“I can’t breathe.”
George Floyd said that 16 times, as a circle of onlookers watched, helpless.
For those of us in health care, those words compel action. “I can’t breathe” means that we must act. We must help. We have to rush in.
Like many, I watched the video of George Floyd’s death with horror. I wondered how I could have helped. Perhaps I could have used my privilege to intervene. “I’m a medical professional,” I would tell the officers. Instead, I felt helpless and devastated.
George Floyd’s murder ripped away the veil over American Racism this week. Its brutal and ugly face is visible to all who would see. It can't be misinterpreted, talked away, or ignored.
We should feel ashamed. This is not the first time our black friends, black colleagues, black coworkers have said, in their own way, “I can’t breathe.” They have told us when they don’t feel safe - for themselves and for their children. They have told us of the fear that the vigilante, or even someone sworn to protect them, could do them harm. And all too often, we have been bystanders. Sympathetic, but bystanders.
The risk of being killed by the police is more than twice as high among black men and boys as white men and boys. But institutional and structural racism is not just about policing. In our work in public health it is also an unavoidable fact: black Americans are also more than twice as likely to be killed by COVID-19. Why? They’re working the essential jobs that expose them to the virus. They’re more likely to have chronic conditions that put them at higher risk. When they end up at the hospital, studies have shown that they are more likely to get worse care. All of these risks are higher if you are Black in America. We cannot avoid the role of racism in that, nor in the protests and violence happening today.
In his Letter from Birmingham Jail, written before the major legislative successes of the Civil Rights Movement, Martin Luther King, Jr. lamented:
I must confess that over the past few years I have been gravely disappointed with the white moderate...who is more devoted to "order" than to justice; who prefers a negative peace which is the absence of tension to a positive peace which is the presence of justice; who constantly says: "I agree with you in the goal you seek, but I cannot agree with your methods of direct action"; who paternalistically believes he can set the timetable for another man's freedom; who lives by a mythical concept of time and who constantly advises [us] to wait for a "more convenient season." Shallow understanding from people of good will is more frustrating than absolute misunderstanding from people of ill will.
We cannot settle for shallow understanding. We cannot accept the absence of tension, when the presence of justice is in our grasp. We must not be bystanders.
Today, at Aledade, we have a diversity of perspectives. Some feel the pain more directly than I ever could. Some are afraid — afraid of the chaos, of peaceful protests becoming violent, of contemptible opportunists taking advantage of that chaos to loot and fan the flames. Some are worried about what will happen in electoral politics because of this. But I think that, as Dr. King wrote, it’s not time to overly focus on being strategic, or to worry about whether it’s this season or next season.
I believe that good can come even from this.
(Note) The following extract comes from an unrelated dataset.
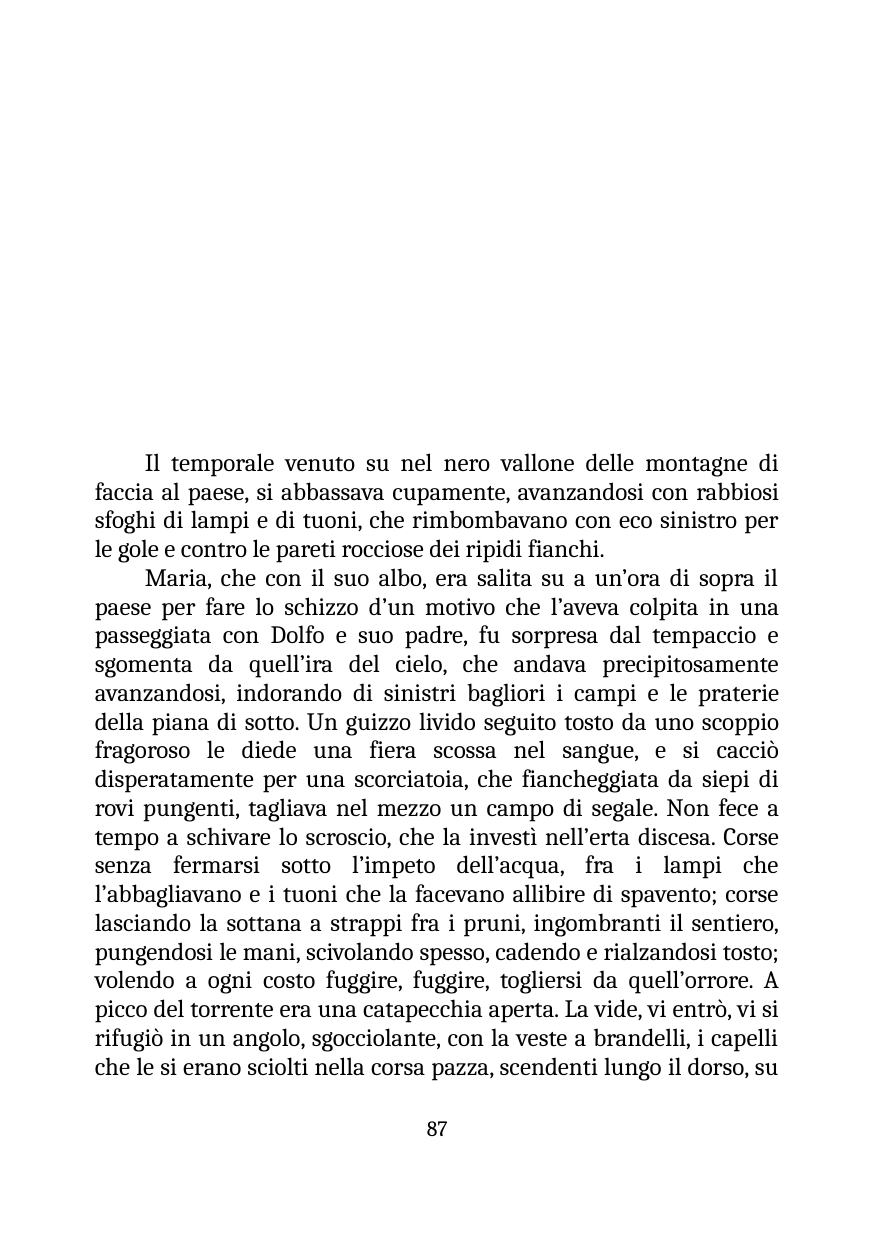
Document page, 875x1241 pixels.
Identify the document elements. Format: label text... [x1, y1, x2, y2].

text Il temporale venuto su nel nero vallone delle montagne di faccia al paese, si abbassava cupamente, avanzandosi con rabbiosi sfoghi di lampi e di tuoni, che rimbombavano con eco sinistro per le gole e contro le pareti rocciose dei ripidi fianchi. [94, 449, 779, 564]
text Maria, che con il suo albo, era salita su a un’ora di sopra il paese per fare lo schizzo d’un motivo che l’aveva colpita in una passeggiata con Dolfo e suo padre, fu sorpresa dal tempaccio e sgomenta da quell’ira del cielo, che andava precipitosamente avanzandosi, indorando di sinistri bagliori i campi e le praterie della piana di sotto. Un guizzo livido seguito tosto da uno scoppio fragoroso le diede una fiera scossa nel sangue, e si cacciò disperatamente per una scorciatoia, che fiancheggiata da siepi di rovi pungenti, tagliava nel mezzo un campo di segale. Non fece a tempo a schivare lo scroscio, che la investì nell’erta discesa. Corse senza fermarsi sotto l’impeto dell’acqua, fra i lampi che l’abbagliavano e i tuoni che la facevano allibire di spavento; corse lasciando la sottana a strappi fra i pruni, ingombranti il sentiero, pungendosi le mani, scivolando spesso, cadendo e rialzandosi tosto; volendo a ogni costo fuggire, fuggire, togliersi da quell’orrore. A picco del torrente era una catapecchia aperta. La vide, vi entrò, vi si rifugiò in un angolo, sgocciolante, con la veste a brandelli, i capelli che le si erano sciolti nella corsa pazza, scendenti lungo il dorso, su [94, 564, 779, 1081]

I believe that good can come.
I believe that we need to reform, fundamentally, how we police in America. I believe that we need to reform, fundamentally, how our health care system cares for black communities. I believe that we need to make these deep, substantive changes so that black Americans get the security and the health that every American deserves.
We cannot be bystanders. Either for our communities, or for those we serve.
In North Minneapolis there’s a clinic called Broadway Family Medicine. Over the weekend, during the protests, their building was looted and destroyed. The residents and the medical director of that clinic support the protests. They call themselves “casualties” not “victims.” And when the smoke cleared they got right back to work. The following day, they brought in a team of volunteers to sweep up the broken glass and loose bricks. They set up a clinic in the parking lot. They began offering free medical supplies, formula, diapers, food and other resources to their patients and the entire community. They show us how to be more than bystanders.
This company will also be more than bystanders. We’re going to take a minute of silence and then we will find our paths to action. We will support and protect our black and brown colleagues and friends. We will listen to the guidance of our Black and African Diaspora Affinity Resource Group, reminding us to be aware that this is happening and it is wrong, to educate each other, and to come together in collective effort. We will support our practices facing these challenges on the front lines.
Because we are no longer going to be on the edge of the circle, watching helplessly. We will not stand by when others cannot breathe.